Problem to work on: Wherever an image appears in the entries, drop it and reproduce everything else exactly.

Data for this exercise:
----------

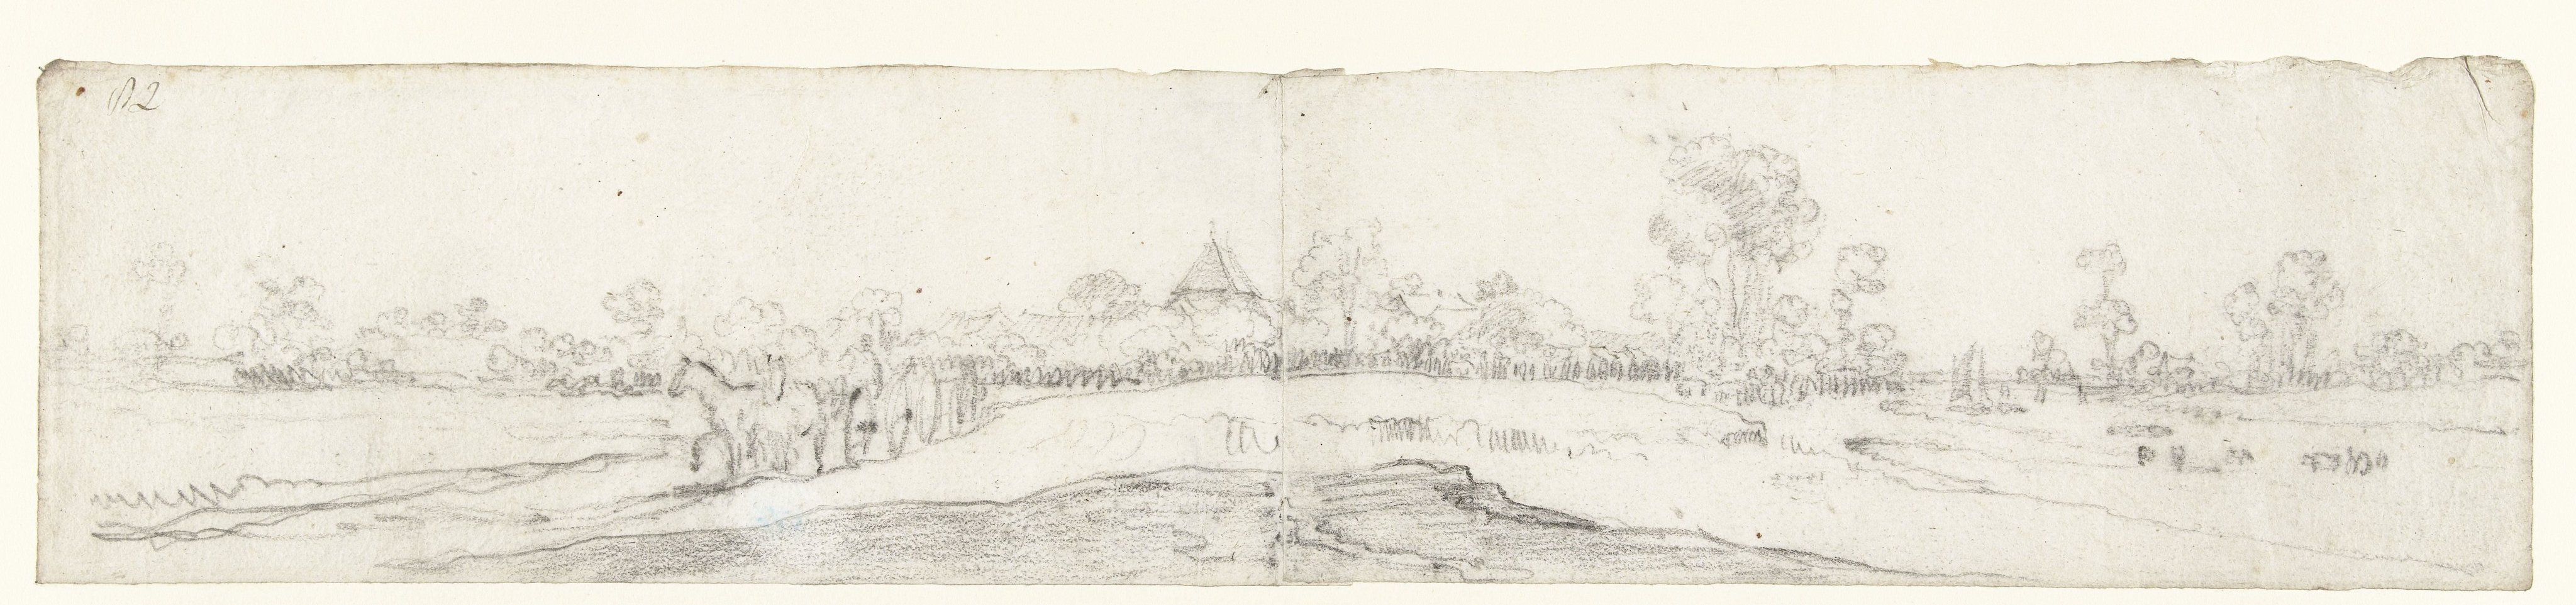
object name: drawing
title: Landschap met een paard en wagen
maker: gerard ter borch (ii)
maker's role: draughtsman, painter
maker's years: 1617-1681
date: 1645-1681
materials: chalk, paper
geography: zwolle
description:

----------

Result:
object name: drawing
title: Landschap met een paard en wagen
maker: gerard ter borch (ii)
maker's role: draughtsman, painter
maker's years: 1617-1681
date: 1645-1681
materials: chalk, paper
geography: zwolle
description:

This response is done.